# WHAT IS BEING ASKED
All of the data below must be reproduced word for word, but without its images.

# INFORMATION SHOWN
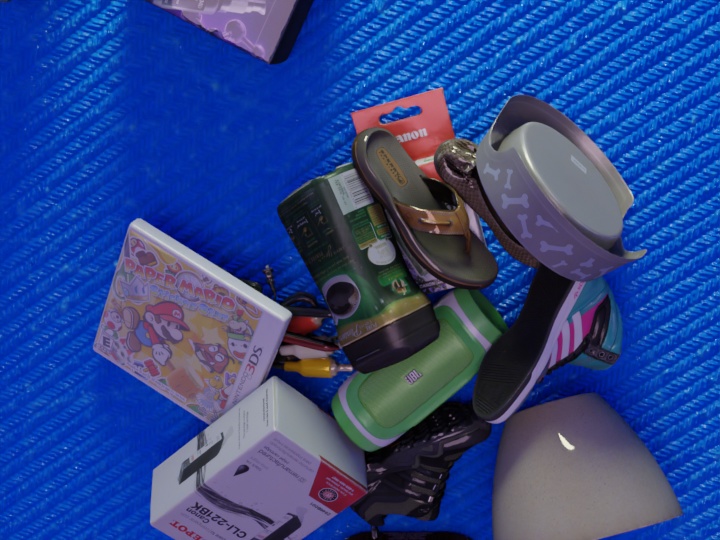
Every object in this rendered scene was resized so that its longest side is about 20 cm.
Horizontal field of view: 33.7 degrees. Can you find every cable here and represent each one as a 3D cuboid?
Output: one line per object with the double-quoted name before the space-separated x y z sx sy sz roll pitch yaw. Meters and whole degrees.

# TASK RESPONSE
Every object in this rendered scene was resized so that its longest side is about 20 cm.
Horizontal field of view: 33.7 degrees. Can you find every cable here and represent each one as a 3D cuboid?
Output: one line per object with the double-quoted name before the space-separated x y z sx sy sz roll pitch yaw. Meters and whole degrees.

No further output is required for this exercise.